Which lines below hold the word "function"? Report each one.

##### Entries supplied

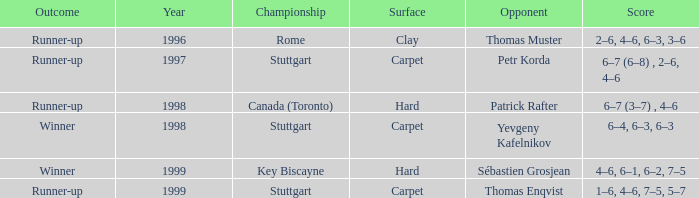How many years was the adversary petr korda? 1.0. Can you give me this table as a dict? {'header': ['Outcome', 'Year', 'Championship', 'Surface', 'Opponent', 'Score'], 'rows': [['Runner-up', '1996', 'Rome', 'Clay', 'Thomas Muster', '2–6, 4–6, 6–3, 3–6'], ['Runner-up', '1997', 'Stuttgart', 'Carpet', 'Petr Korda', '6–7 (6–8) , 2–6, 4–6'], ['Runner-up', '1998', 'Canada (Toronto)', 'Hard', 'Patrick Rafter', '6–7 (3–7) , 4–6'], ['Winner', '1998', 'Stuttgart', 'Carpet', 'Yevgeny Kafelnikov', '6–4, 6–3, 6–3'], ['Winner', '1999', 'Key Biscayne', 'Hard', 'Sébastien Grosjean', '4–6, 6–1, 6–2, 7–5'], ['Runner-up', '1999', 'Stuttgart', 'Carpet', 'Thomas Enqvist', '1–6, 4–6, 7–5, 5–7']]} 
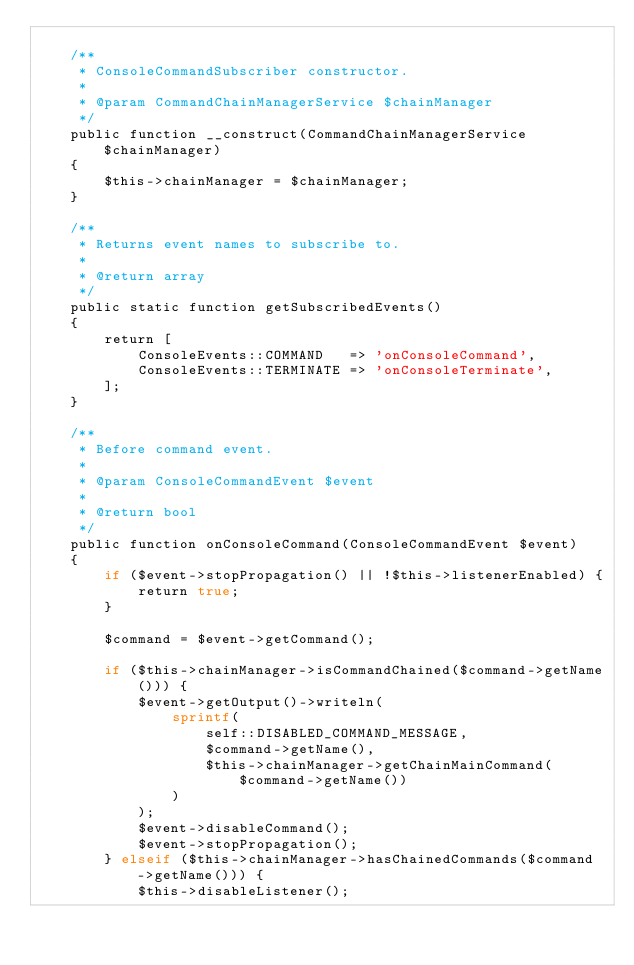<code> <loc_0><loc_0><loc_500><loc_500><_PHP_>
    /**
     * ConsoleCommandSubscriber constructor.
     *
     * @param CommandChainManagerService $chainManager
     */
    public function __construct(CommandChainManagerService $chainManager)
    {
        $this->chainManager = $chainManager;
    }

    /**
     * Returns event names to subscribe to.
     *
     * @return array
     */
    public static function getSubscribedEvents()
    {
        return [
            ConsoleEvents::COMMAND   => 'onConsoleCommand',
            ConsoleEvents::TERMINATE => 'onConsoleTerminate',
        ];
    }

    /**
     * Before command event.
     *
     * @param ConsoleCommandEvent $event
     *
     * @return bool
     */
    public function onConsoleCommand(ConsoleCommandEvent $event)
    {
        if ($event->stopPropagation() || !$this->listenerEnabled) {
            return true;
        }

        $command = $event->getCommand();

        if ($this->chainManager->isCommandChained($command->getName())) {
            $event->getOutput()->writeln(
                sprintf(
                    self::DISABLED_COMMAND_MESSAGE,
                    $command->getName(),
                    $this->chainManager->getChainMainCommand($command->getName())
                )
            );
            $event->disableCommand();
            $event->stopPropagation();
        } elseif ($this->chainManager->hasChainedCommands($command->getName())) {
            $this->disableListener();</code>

##########

## Finished task
    public function __construct(CommandChainManagerService $chainManager)
    public static function getSubscribedEvents()
    public function onConsoleCommand(ConsoleCommandEvent $event)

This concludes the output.